The Primacy of Efficiency?

Systems engineers have long recognized that redundancy is a key contributor to system reliability. Ecologists, in turn, have theorized that redundant pathways facilitate alternative supplies and functionalities when major routes have been impacted (Odum and Odum, 1953). So an important ecological inference can be drawn: Survival is not simply a matter of greatest efficiency; it is a balance between efficiency and reliability. It is important as well to recognize that the entropic side of this balance acts quite differently than those conventional dynamics that increase efficiency, i.e., entropy cannot cause events in the same way that positivist forms and forces do. Rather, absence affords opportunity for positivist tendencies to act. It functions as a secular form of kenosis.
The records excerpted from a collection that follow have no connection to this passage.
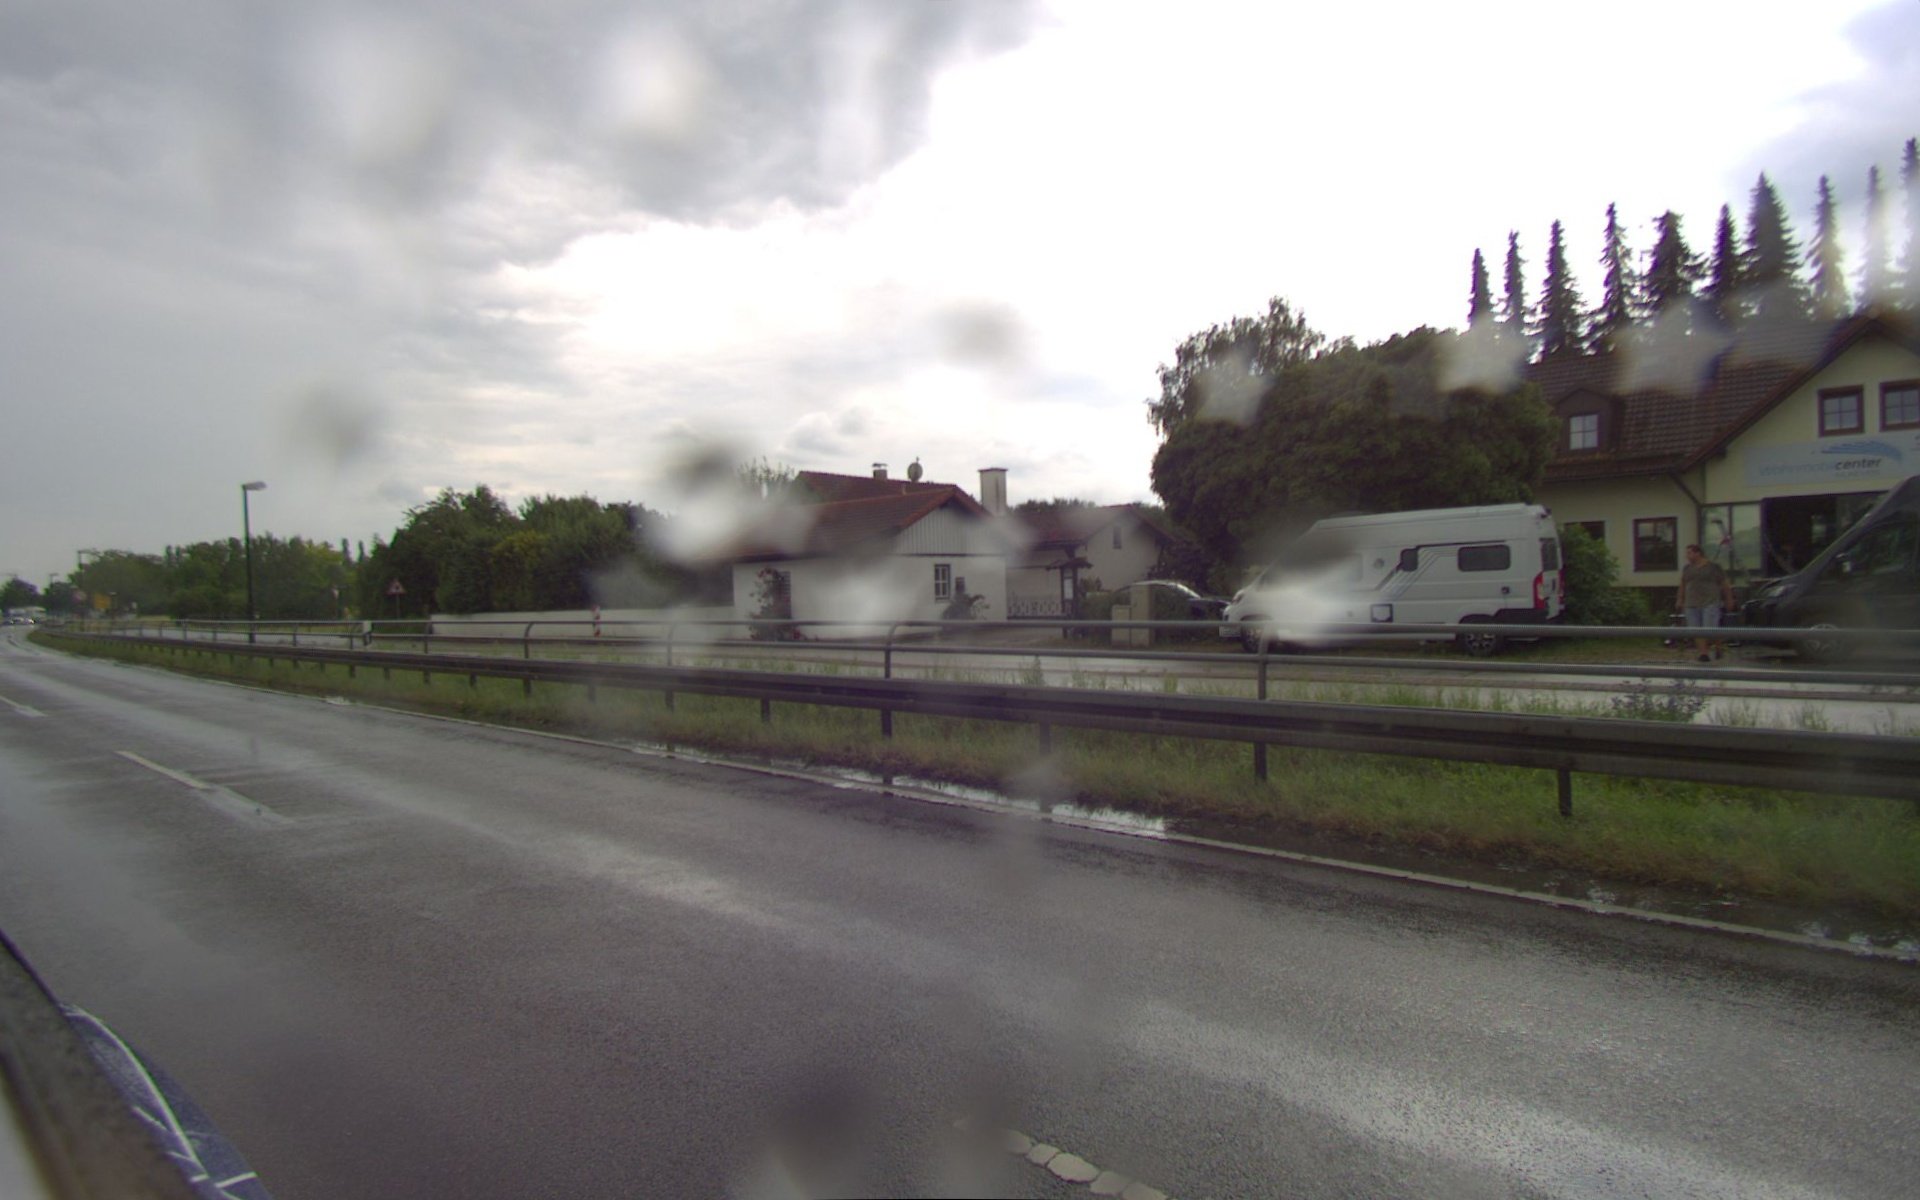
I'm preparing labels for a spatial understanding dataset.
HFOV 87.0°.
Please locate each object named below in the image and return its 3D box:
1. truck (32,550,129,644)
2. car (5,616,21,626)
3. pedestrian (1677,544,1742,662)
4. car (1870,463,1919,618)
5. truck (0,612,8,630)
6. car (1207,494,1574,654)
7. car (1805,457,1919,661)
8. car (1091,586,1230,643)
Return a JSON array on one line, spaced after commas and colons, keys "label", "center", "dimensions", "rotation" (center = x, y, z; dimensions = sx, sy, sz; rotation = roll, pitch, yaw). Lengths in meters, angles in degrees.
[{"label": "truck", "center": [-50.726, -0.137, 58.281], "dimensions": [7.782, 5.071, 3.214], "rotation": [-1, 1, 42]}, {"label": "car", "center": [-178.718, 4.009, 191.007], "dimensions": [4.025, 1.746, 1.788], "rotation": [-2, 1, 42]}, {"label": "pedestrian", "center": [11.197, 0.041, 15.124], "dimensions": [0.509, 1.723, 0.651], "rotation": [-2, 1, -41]}, {"label": "car", "center": [19.595, -1.167, 19.995], "dimensions": [2.166, 2.786, 5.580], "rotation": [-2, 1, 40]}, {"label": "truck", "center": [-136.436, 3.068, 142.787], "dimensions": [7.170, 2.494, 2.762], "rotation": [-1, 1, 44]}, {"label": "car", "center": [8.022, -0.402, 19.315], "dimensions": [6.014, 2.600, 2.215], "rotation": [-2, 1, 40]}, {"label": "car", "center": [15.136, -0.632, 13.671], "dimensions": [5.566, 2.783, 2.360], "rotation": [-2, 1, 39]}, {"label": "car", "center": [5.213, 0.376, 26.498], "dimensions": [3.269, 1.366, 1.433], "rotation": [-1, 1, 42]}]
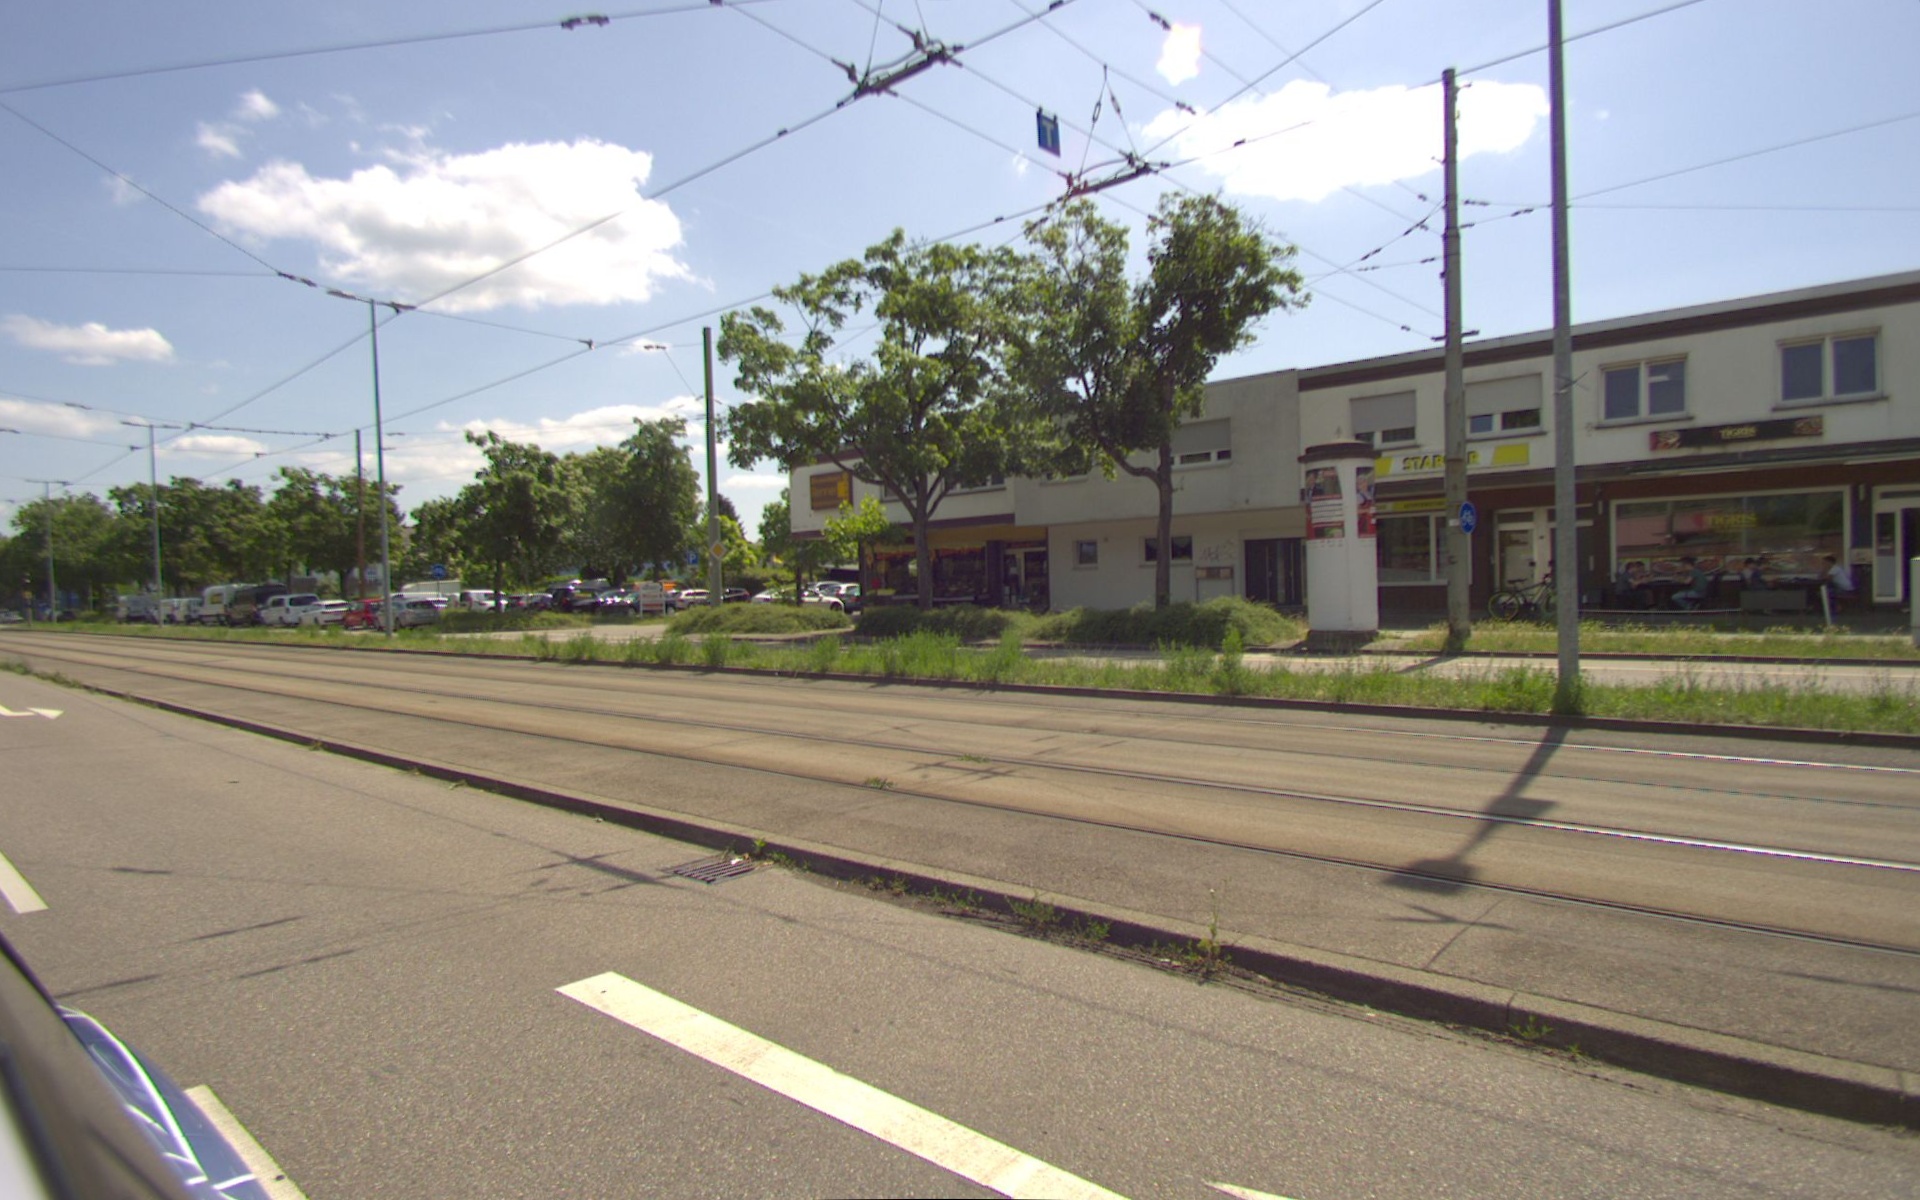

The social ramifications of this alternative view of nature are revolutionary to a society that emphasizes efficiency. Most of what humanity designs is intended to be as efficient as possible, and in so many ways this goal is desirable. But in a complex world consisting of multitudinous processes, too much efficiency can be harmful, if not lead to catastrophe in the face of contingent events. This became abundantly clear during the recent COVID-19 pandemic, when global supply chains that had been honed to emphasize the most efficient and profitable pathways began to fail for lack of alternative connections (Taherian, 2020). Power grids, water supply systems and traffic routes designed for efficient distribution and flows have also been known to fail on a large scale when contingent perturbations intervene.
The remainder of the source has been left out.